Danny Weber
16:38 09-01-2026
© RusPhotoBank
La adopción de iOS 26 avanza lenta en iPhone: datos de StatCounter, efecto del rediseño Liquid Glass y parches de iOS 18 que restan urgencia a la actualización.
Varios meses después del lanzamiento de iOS 26, su adopción entre los propietarios de iPhone avanza con una lentitud llamativa. Según la fotografía de enero de 2026 de StatCounter, iOS 26 y sus revisiones menores suman en torno al 15–16% de los dispositivos activos en el mundo, mientras que más del 60% de los iPhone siguen en iOS 18. En ciclos anteriores, ese umbral del 50% se superaba en un plazo similar, lo que hace que este despliegue se perciba inusualmente prudente.

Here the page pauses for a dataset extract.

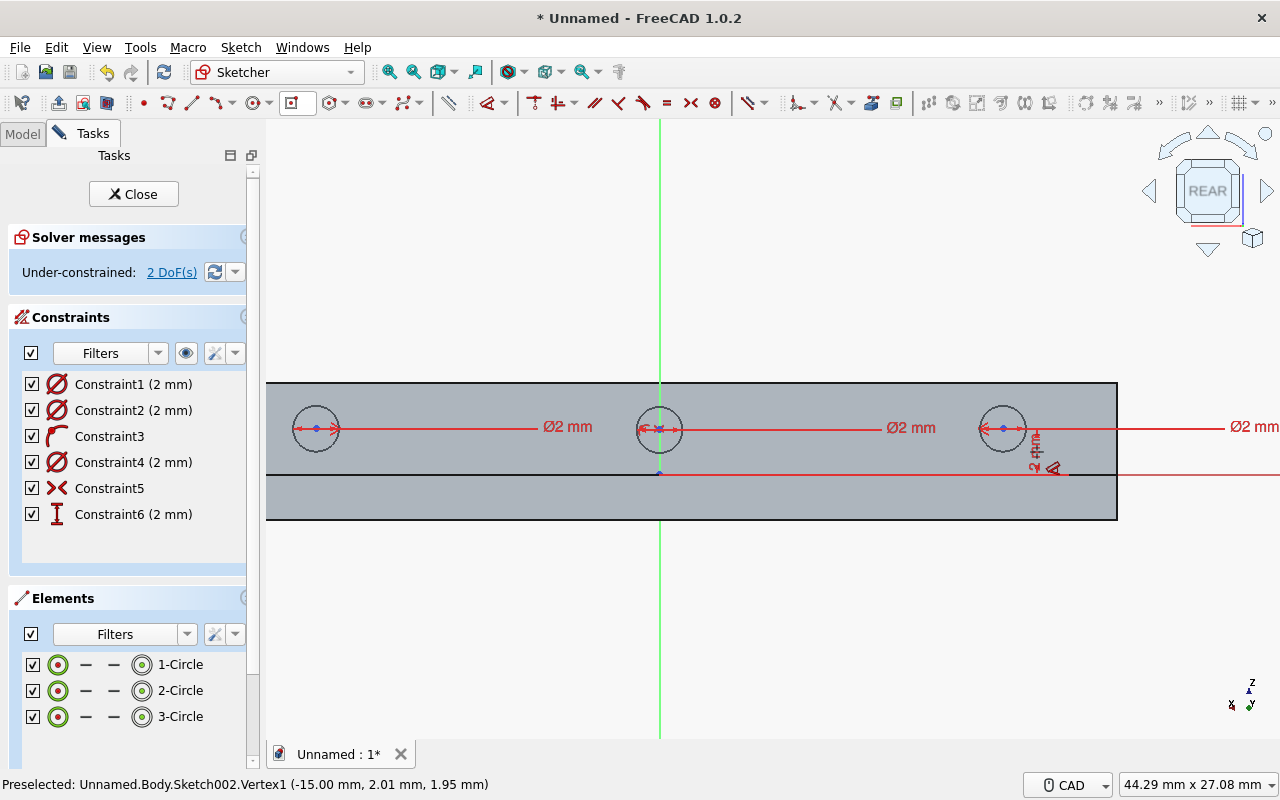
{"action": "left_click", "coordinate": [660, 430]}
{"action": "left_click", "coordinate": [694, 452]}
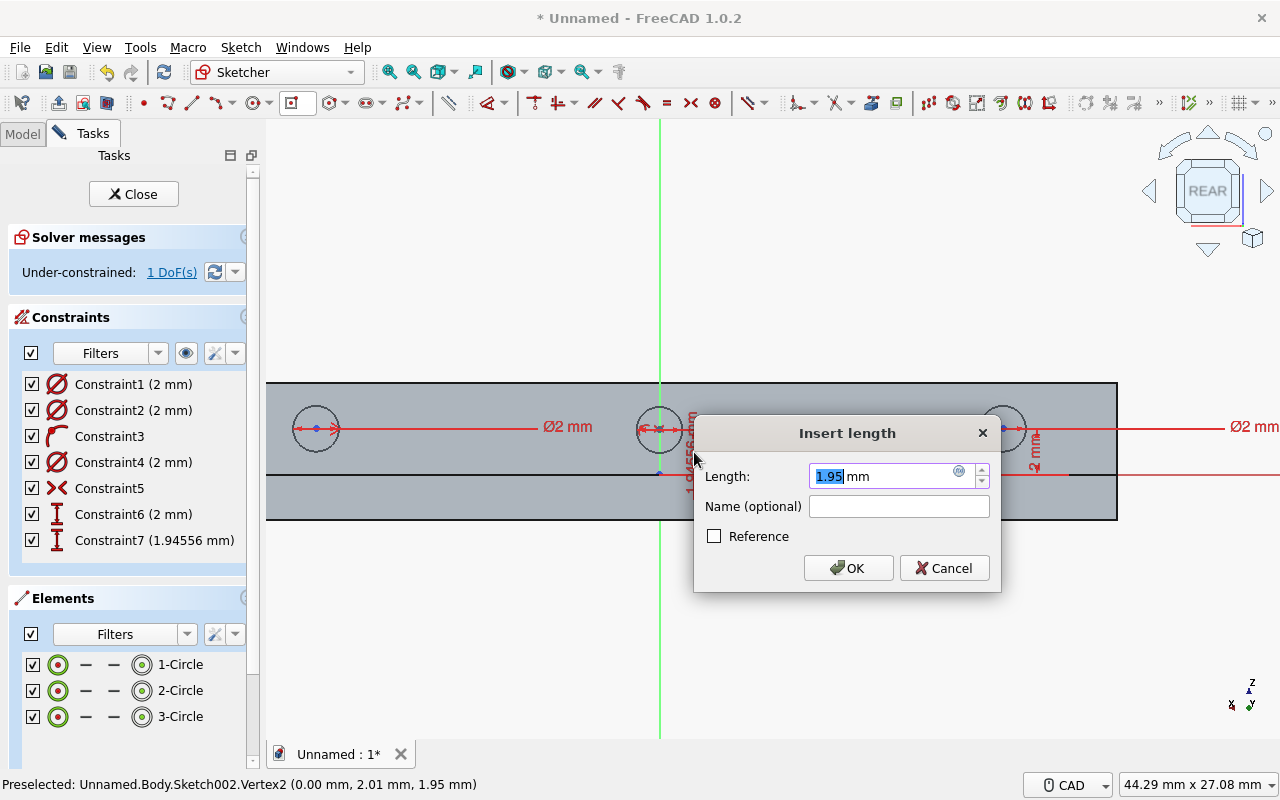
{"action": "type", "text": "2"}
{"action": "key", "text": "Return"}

El desglose muestra que la mayoría de quienes ya dieron el salto se reparten entre iOS 26.1 y 26.2; la versión inicial apenas concentra una porción menor. Si se contrasta con la trayectoria de iOS 18 —cuatro meses después de su estreno ya estaba en más del 60% de los equipos— y con pautas parecidas vistas con iOS 17 y iOS 16, el frenazo destaca aún más.
Los datos de tráfico especializado apuntan en la misma dirección. A comienzos de enero de 2025, casi el 90% de los visitantes de MacRumors usaba iOS 18; en enero de 2026, apenas un cuarto de su audiencia había pasado a iOS 26. Apple aún no ha publicado cifras oficiales, pero las mediciones de terceros sugieren que los usuarios se lo están tomando con calma.
Una explicación plausible es el rediseño radical conocido como Liquid Glass, el gran cambio visual de iOS 26. Sus capas translúcidas, desenfoques y profundidad dinámica generaron reacciones divididas desde el anuncio, y da la impresión de que parte del público prefirió no precipitar la actualización.
También pesa el enfoque de Apple hacia los modelos anteriores. La compañía sigue enviando parches de seguridad para iOS 18, de modo que los dueños de un iPhone pueden quedarse en un sistema conocido sin renunciar a la protección. Por primera vez en mucho tiempo no hay urgencia por saltar al nuevo iOS en cuanto aterriza, un esquema de incentivos que enfría la adopción y, en la práctica, premia la prudencia.